Synopsis the same as with the other solution:
echo test | prepend file.txt
And a bit modified version to retain permissions and play safe with symlinks (if that is necessary) like >> does:
prepend() {
local tmp=$(tempfile)
if cat - "${1}" > "${tmp}"; then
cat "${tmp}" > "${1}"
rm -f "${tmp}"
else
rm -f "${tmp}"
# some error reporting
fi
}
Just note that this version is actually less safe since if during second cat something else will write to disk and fill it up, you'll end up with incomplete file.
To be honest, I wouldn't personally use it but handle symlinks and resetting permissions externally, if necessary.
^ is a poor choice of character, as it is already used in history substitution.
To add a new redirection type to the shell grammar, start in parse.y. Declare it as a new %token so that it may be used, add it to STRING_INT_ALIST other_token_alist[] so that it may appear in output (such as error messages), update the redirection rule in the parser, and update the lexer to emit this token upon encountering the appropriate characters.
command.h contains enum r_instruction of redirection types, which will need to be extended. There's a giant switch statement in make_redirection in make_cmd.c processing redirection instructions, and the actual redirection is performed by functions throughout redir.c. Scattered throughout the rest of source code are various functions for printing, copying, and destroying pipelines, which may also need to be updated.
That's all! Bash isn't really that complex.
This doesn't discuss how to implement a prepending redirection, which will be difficult as the UNIX file API only provides for appending and overwriting. The only way to prepend to a file is to rewrite it entirely, which (as other answers mention) is significantly more complex than any existing shell redirections.
Might be quite difficult to add an operator, but perhaps a function could be enough?
function prepend { tmp=`tempfile`; cp $1 $tmp; cat - $tmp > $1; rm $tmp; }
Example use:
echo foobar | prepend file.txt
prepends the text "foobar" to file.txt.
I think bash's plugin architecture (loading shared objects via the 'enable' built-in command) is limited to providing additional built-in commands. The redirection operators are part of they syntax for running simple commands, so I think you would need to modify the parser to recognize and handle your new ^> operator.
Most Linux filesystems do not support prepending. In fact, I don't know of any one that has a stable userspace interface for it. So, as stated by others already, you can only rely on overwriting, either just the initial parts, or the entire file, depending on your needs.
You can easily (partially) overwrite initial file contents in Bash, without truncating the file:
exec {fd}<>"$filename"
printf 'New initial contents' >$fd
exec {fd}>&-
Above, $fd is the file descriptor automatically allocated by Bash, and $filename is the name of the target file.
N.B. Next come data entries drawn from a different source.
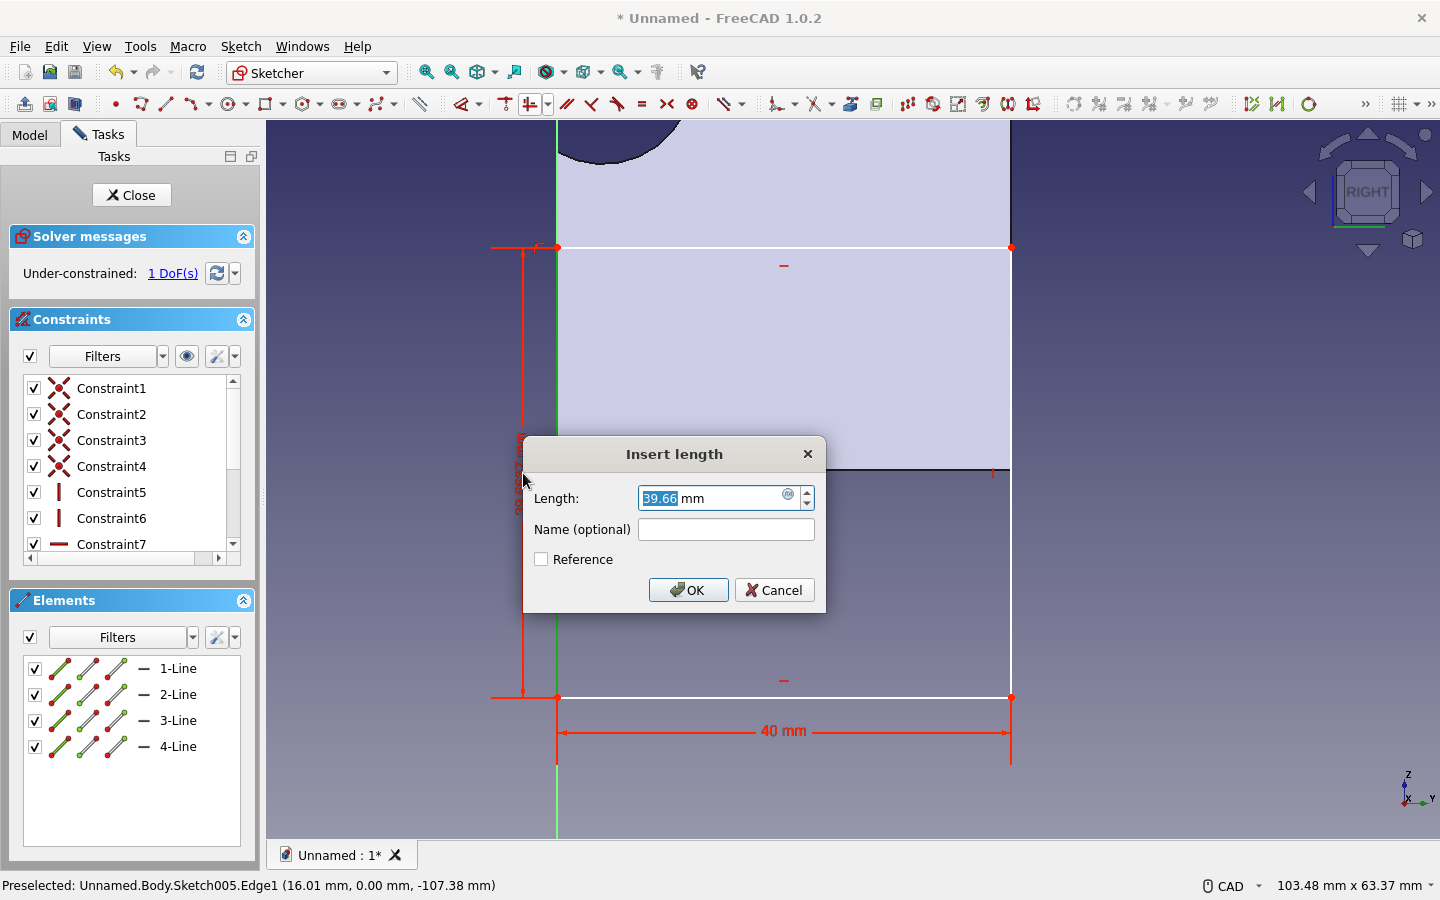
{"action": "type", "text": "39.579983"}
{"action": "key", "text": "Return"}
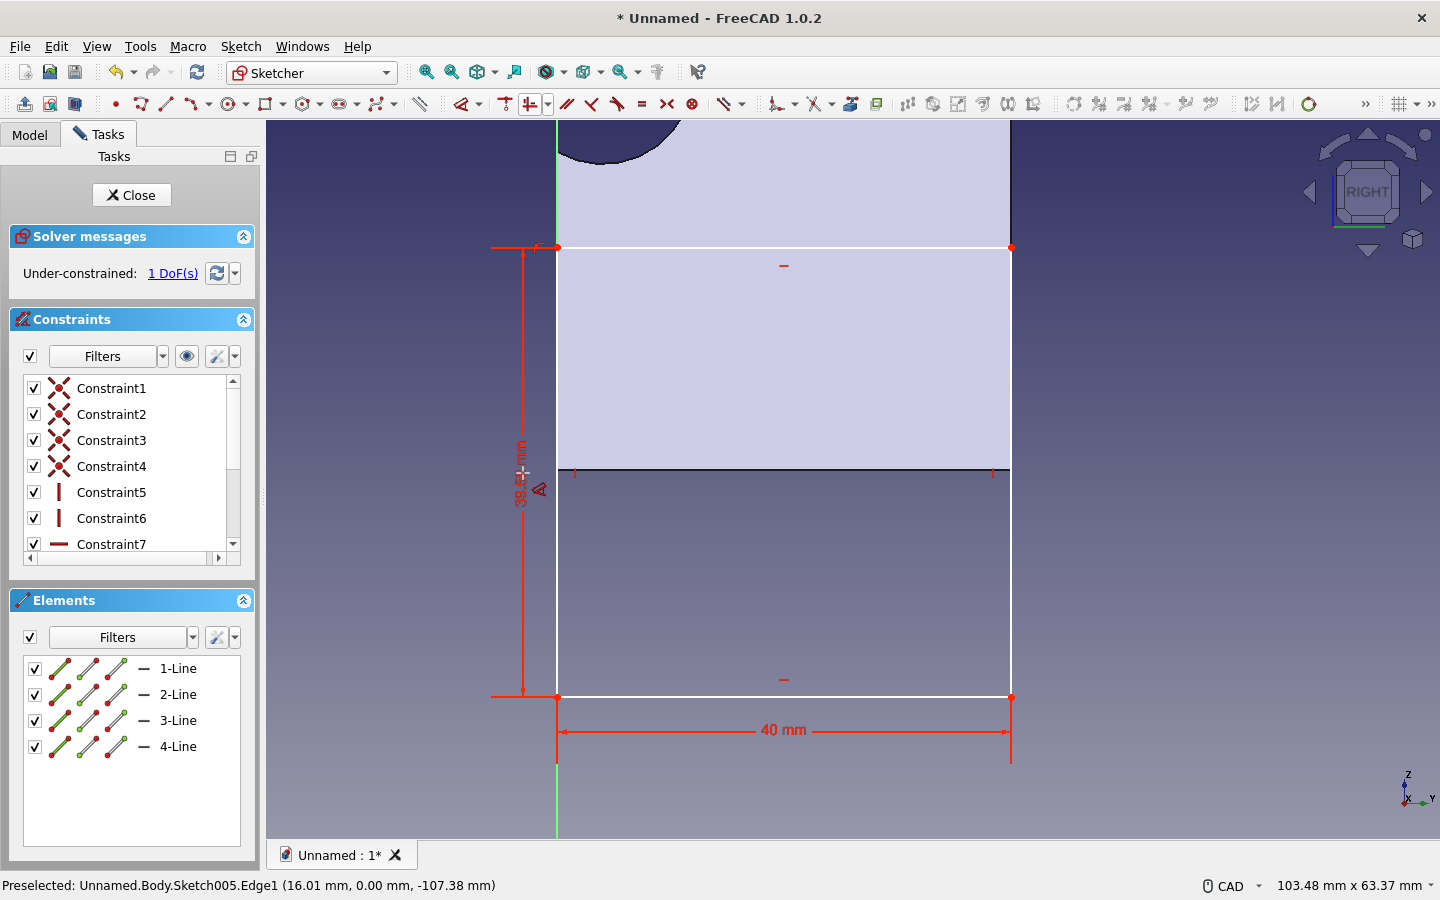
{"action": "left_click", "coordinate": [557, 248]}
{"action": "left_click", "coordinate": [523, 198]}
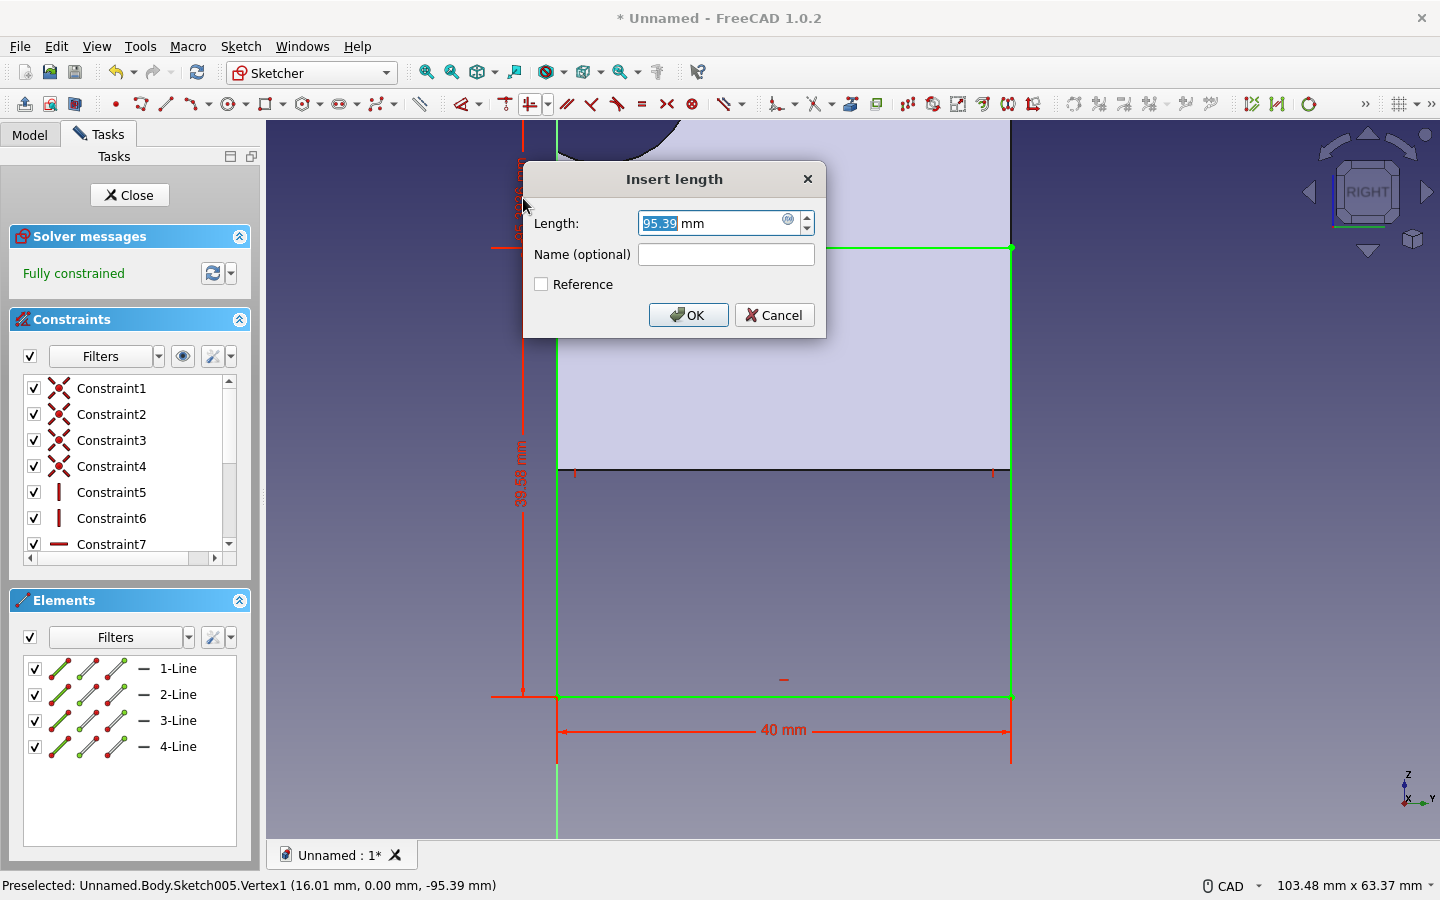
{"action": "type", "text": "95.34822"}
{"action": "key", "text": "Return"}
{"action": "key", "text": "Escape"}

Bash opens a new read-write file descriptor to the target file on the first line; this does not truncate the file. The second line overwrites the initial part of the file. The position in the file advances, so you can use multiple commands to overwrite consecutive parts in the file. The third line closes the descriptor; since there is only a limited number available to each process, you want to close them after you no longer need them, or a long-running script might run out.
Please note that > does less than you expected:
Remove the > and the following word from the commandline, remembering the redirection.
When the commandline is processed and the command can be launched, calling fork(2) (or clone(2)), to create a new process.
Modify the new process according to the command. That includes things like modified environment variables (SOMEVAR=foo yourcommand), but also changed filedescriptors. At this point, a > yourfile from the cmdline will have the effect that the file is open(2)'ed at the stdout filedescriptor (that is #1) in write-only mode truncating the file to zero bytes. A >> yourfile would have the effect that the file is oppend at stdout in write-only mode and append mode.
(Only now launch the program, like execv(yourprogram, yourargs)
The redirections could, for a simple example, be implemented like
open(yourfile, O_WRONLY|O_TRUNC);
or
open(yourfile, O_WRONLY|O_APPEND);
respectively.
The program then launched will have the correct environment set up, and can happily write to fd1. From here, the shell is not involved. The real work is not done by the shell, but by the operating system. As Unix doesn't have a prepend mode (and it would be impossible to integrate that feature correctly), everything you could try would end up in a very lousy hack.
Try to re-think your requirements, there's always a simpler way around.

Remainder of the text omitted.